\documentclass[12pt]{article} \usepackage{wide,me} \parindent0pt

## Polling

Outline

• Set has size $u$, contains $s$ “special” elements
• goal: count number of special elements
• sample with probability $p=c(\log n)/\epsilon^2 s$
• with high probability, $(1\pm\epsilon)sp$ special elements
• if observe $k$ elements, deduce $s \in (1\pm\epsilon)k/p$.
• Problem: what is $p$?

Related idea: Monte Carlo simulation

• Probability space, event $A$
• easy to test for $A$
• goal: estimate $p=\Pr[A]$.
• Perform $k$ trials (sampling with replacement).
• expected outcome $pk$.
• estimator $\frac{1}{k}\sum I_i$
• prob outside $\epsilon < \exp(-\epsilon^2 kp/3)$ ($\epsilon < 1$)
• for prob. $\delta$, need $k=O\left(\frac{\log 1/\delta}{\epsilon^2 p}\right)$
• Define $(\epsilon,\delta)$-approximation scheme
• what if $p$ unknown?
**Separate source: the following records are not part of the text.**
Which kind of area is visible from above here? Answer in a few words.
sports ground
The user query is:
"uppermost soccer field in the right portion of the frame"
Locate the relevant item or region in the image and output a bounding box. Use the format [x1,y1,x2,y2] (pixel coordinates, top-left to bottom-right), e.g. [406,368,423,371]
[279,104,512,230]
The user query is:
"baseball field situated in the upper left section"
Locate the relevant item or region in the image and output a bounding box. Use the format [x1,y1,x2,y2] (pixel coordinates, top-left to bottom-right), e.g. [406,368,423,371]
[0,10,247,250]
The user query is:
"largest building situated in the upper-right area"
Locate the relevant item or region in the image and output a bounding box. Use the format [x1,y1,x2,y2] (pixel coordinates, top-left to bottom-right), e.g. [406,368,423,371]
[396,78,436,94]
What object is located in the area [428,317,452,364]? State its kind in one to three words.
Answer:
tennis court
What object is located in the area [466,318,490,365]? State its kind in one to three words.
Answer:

For now, assume confirming proposed $p$.
• What if $p$ is small?

More general estimation

• Have random variable $X$
• Want to estimate $E[X]$
• turns out can do this with few samples if $\mu < \sigma$.
• Proof in HW.
• What if want to estimate $\sigma$?
• Just need to estimate mean of random variable $X^2$.
• There are schemes that are “competitive” versus unknown $\mu,\sigma$

Another generalization: conditional sampling

• choose from some distribution, conditioned on some event
• if event common, just choose from distribution till event happens
• rare events hard to condition on.
• Choosing a random graph coloring is easy
• Choosing a random legal graph coloring is hard (and useful in physics)

For now we'll study “sampling for (better) algorithms.” Later, “algorithms for (better) sampling”

Handling unknown $p$

• Sample $n$ (unknown) times till get $\mu_{\epsilon,\delta}=O(\log \delta^{-1}/\epsilon^2)$ hits
• w.h.p, $p \in (1\pm\epsilon)\mu_{\epsilon,\delta}/n$
• let $k = \mu_{\epsilon,\delta}/p$
• so when take $k$ samples expect $\mu_{\epsilon,\delta}$ hits
• consider first $k/(1+\epsilon)$ samples
• expect $\mu_{\epsilon,\delta}/(1+\epsilon)$ hits
• Chernoff says w.h.p $< (1+\epsilon)\mu_{\epsilon,\delta}/(1+\epsilon)=\mu_{\epsilon,\delta}$ hits
• so won't have enough hits to stop before this point
• similar argument that won't stop too late
• instead will stop at some point in proper interval
• and this get good estimate

Discussion

• For error probability $\delta$, need $kp=\mu_{\epsilon,\delta}=(4/\epsilon^2)\ln 2/\delta$
• So, can get tiny probability of error cheaply, but sensitive to $\epsilon$.
• Note for many apps, want “with high probability:” $\delta=1/n^2$, so $kp \approx \log n$.
• Note also, to get good sample, need $k >> 1/p$.
• i.e., sample needed is larger as event we want to detect is rarer.
• Sampling without replacement gives lower probability of large deviation

### Transitive closure

Problem outline

• databases want size
• matrix multiply time
• compute reachibility set of each vertex, add

Sampling algorithm

• generate vertex samples until $\mu_{\epsilon\delta}$ reachable from $v$
• deduce size of $v$'s reachability set.
• reachability test: $O(m)$.
• number of sample: $n/$size.
• $O(mn)$ per vertex---ouch!

Can test for all vertices simultaneously

• increase mean to $O(1/\epsilon^2\log (n/\delta))$,
• so $\delta/n$ failure probability per vertex
• so $\delta$ overall (union bound)
• $O(mn)$ for all vertices (still ouch).

Avoid wasting work

• stop propagating to a vertex once it has seen enough
• if a vertex has seen $k$ samples, so have all its predecessors
• so no need to forward observations
• so send at most $\log n/\delta$ samples over an edge
• also, after $O(n\mu_{\epsilon,\delta/n})$ samples, every vertex has $\log n/\delta$ hits. No more needed.